Booted (Trails of Sin 3)
“Call her.” My pulse quickens, and I clench my fingers on the back of her chair.
“Her phone’s on the counter.” She changes the screen to show the back room of the clinic, zooming in on the cell phone.
She returns to the view of the lawn behind the clinic. Trees encircle the area. The same woodland that once formed a canopy over the ravine.
The live feed of grass and dirt is so still it could be a photo. Nothing moves. Seconds tick by and Conor doesn’t return.
It could take minutes or longer for the dog to do its business. Even as I tell myself this, my stomach twists into a knot.
“I need to go check.” Erin stands, grabs her keys, and pauses to consider me. “I can’t leave you here.”
I’m already moving. I chase her out of the house and skid to a stop halfway to her SUV. “I’m going to run back and grab a gun.”
“No.” She glances at the screen in her hand, without slowing her swift gait. “She’s still not back, and I’m not waiting. Get in the car.”
Her usual blank expression creases, her complexion a terrible shade of pale. She’s worried.
My throat stings as I hurry into the SUV.
The only information Jake gave her about this assignment is that his abusive father has been threating Conor and me. Erin has John’s physical description, and she knows he could be armed and not working alone. But she doesn’t know how truly dangerous and cunning he is.

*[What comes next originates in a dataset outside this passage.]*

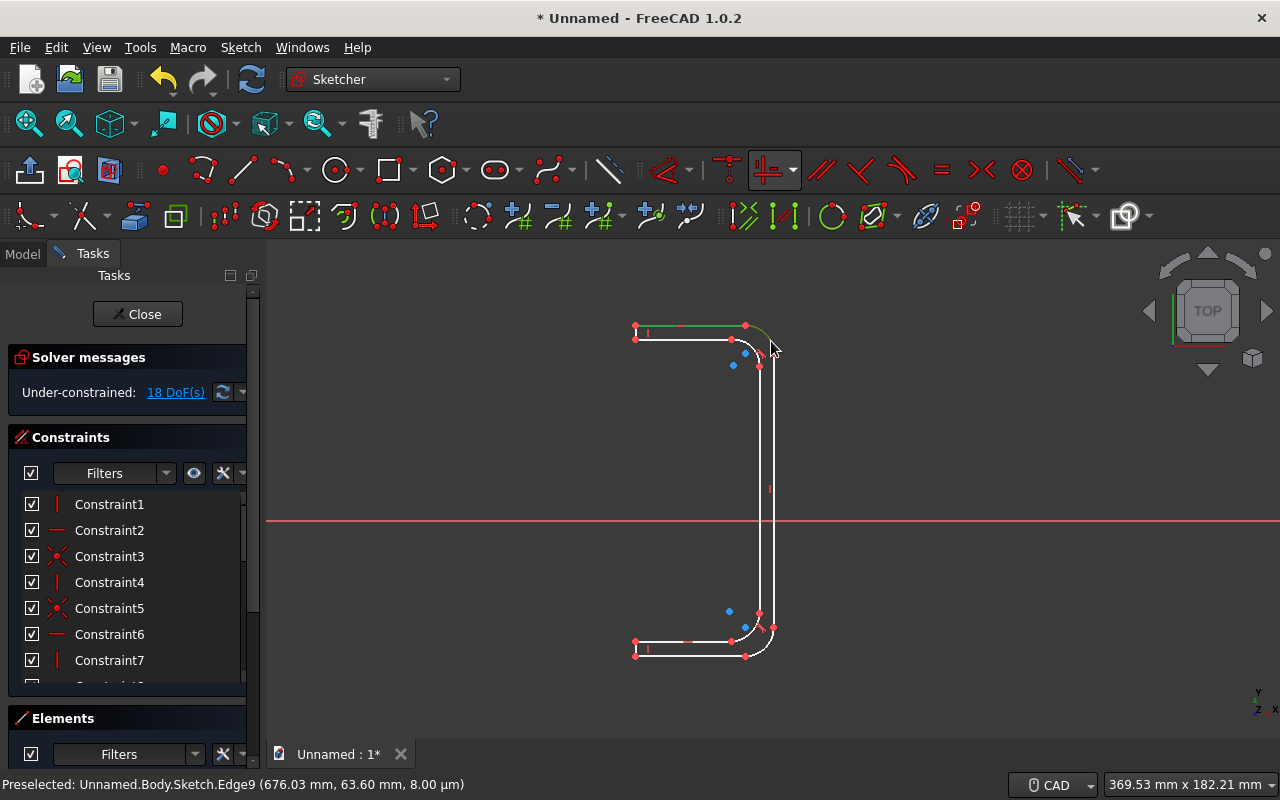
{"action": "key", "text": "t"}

The clinic is only a couple of miles away, near the south pasture. Conor usually walks it or takes her motorcycle. But Jake’s been dropping her off and picking her up all week.
Erin pulls onto the road in front of the estate and takes the quickest route there, her sharp gaze darting between the screen on her lap and the windshield.

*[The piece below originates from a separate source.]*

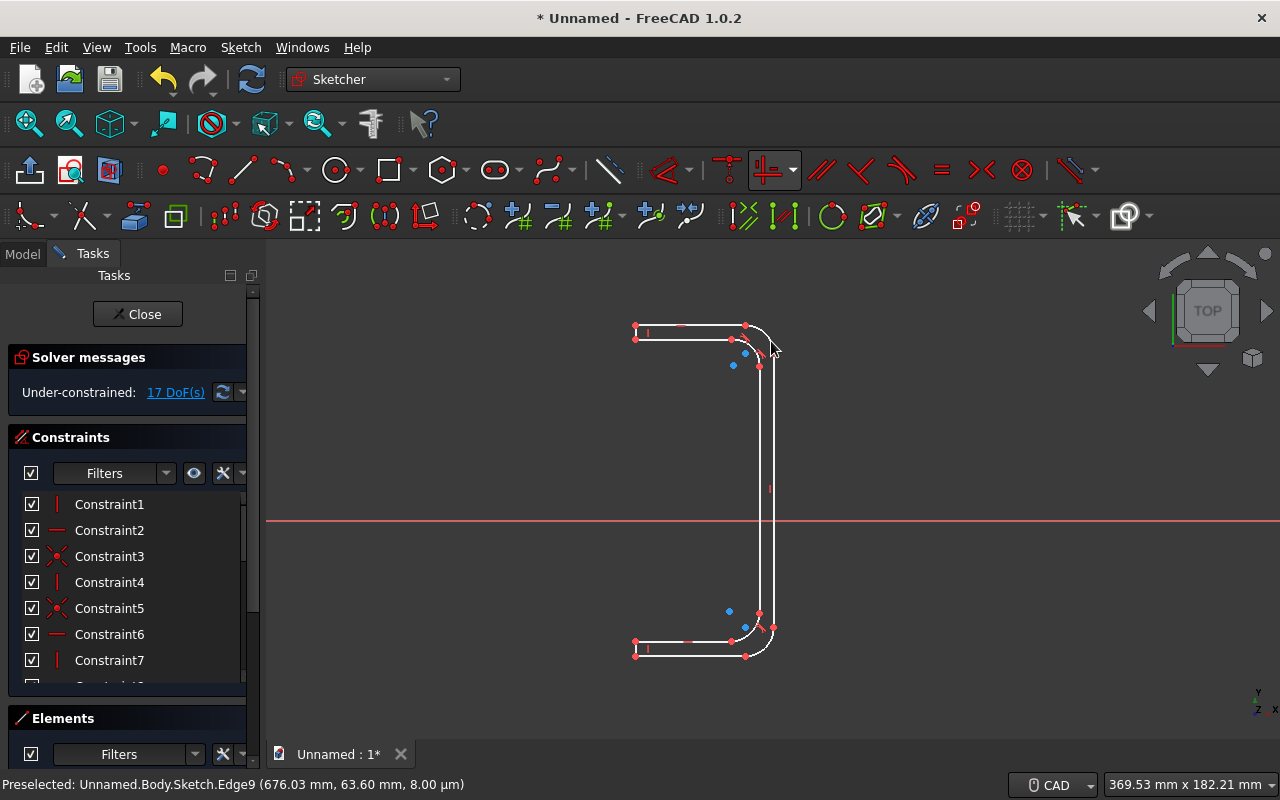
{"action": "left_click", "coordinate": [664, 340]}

“I need you to call Jake.” She calmly lifts her phone, glances at it, and returns it to her pocket. “Never mind. There’s no signal.”

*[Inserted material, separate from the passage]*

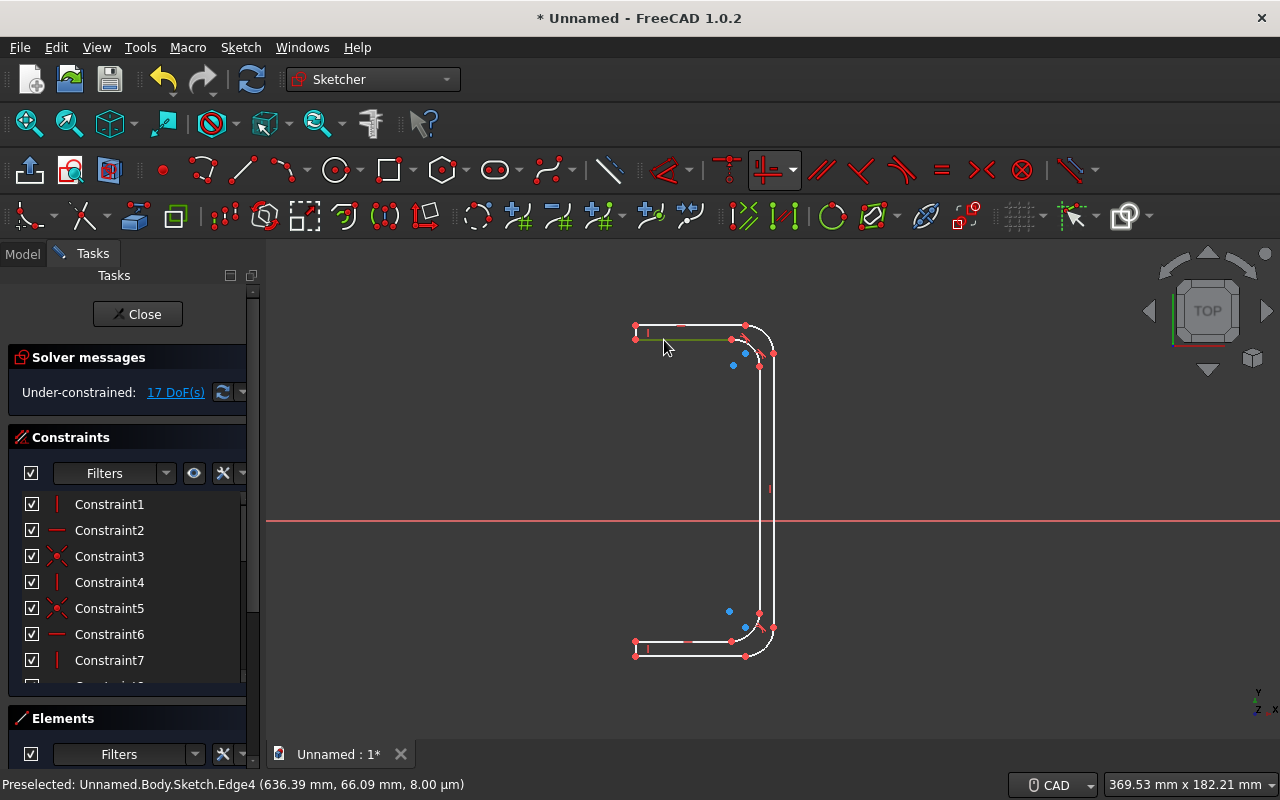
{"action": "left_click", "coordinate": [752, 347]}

I hug an arm around my waist as painful trembling rips through me. “Do you think something happened to her?”
“I’m paid to be hyper-aware and open to every possibility.”
That’s not an answer.
She turns onto a gravel path that cuts through dense trees. Knee-high weeds grow between the tire tracks, and every bump rattles my rioting nerves.
She veers around the next corner and slams on the brakes. A few feet ahead, something lies in the road. Something human.
My muscles lock up, and my breath freezes in my chest.
Conor sprawls face down in the gravel, red hair shrouding her face, her body motionless and twisted, as if she collapsed in the middle of a sprint.
“Oh no oh no oh no.” Panic grips my spine, and my lungs slam together.
Was she running from someone? Is she hurt? Dead?
No. No, that’s not possible.
I fumble for the door handle with numb fingers.
“Stay in the car.” Erin removes a handgun from her shoulder holster and turns her flinty gaze to me. “Lock the doors and do not get out. No matter what happens. Understood?”
With a nod, I release the door handle and clap a hand over the sob crawling from my mouth.
I’m unarmed and nearing hysterics. Lorne’s paying this woman to protect me, and her cool composure is testament to the fact she knows what she’s doing.
She leaves the car running as she exits, closes the door, and trains the gun in a ready stance. I hit the locks. Then she moves.
Light footsteps, weapon sweeping with the shift of her body, she creeps toward Conor without taking her attention off the surrounding trees.
As she approaches, Conor doesn’t stir. Not a twitch.
She can’t be dead. She can’t be dead.
My mind floods with horror. Nausea grips my gut, and my ears ring with godawful pounding.
Please, Conor. Please, wake up.
Erin stops beside her but doesn’t look down. Her eyes probe and scrutinize the perimeter, the gun steady in her outstretched hands.
The span of stillness turns me inside out.
Finally, she crouches and places two fingers against Conor’s throat.
I hold my breath.
Her jaw angles toward me, and I watch her mouth form the word, Alive.
My lungs release in a great rush of relief, bringing forth a well of tears.
She stands, and her gun jerks toward the trees a millisecond before the boom of gunfire shudders the air.
The reverberation punches through me as Erin drops in a slow-falling crumple of knees, hips, shoulders. When her head hits the ground, the hole between her eyes spurts blood across the gravel.
My hand flies to my throat. My jaw locks to the point of pain, and my breaths explode in hyperventilating gasps.
A woman emerges from the tree line, gray hair pulled into a loose bun and a pistol trained on Conor’s catatonic body.
Her unfamiliar eyes lift to mine, and her thin pale lips shape the command, Get out.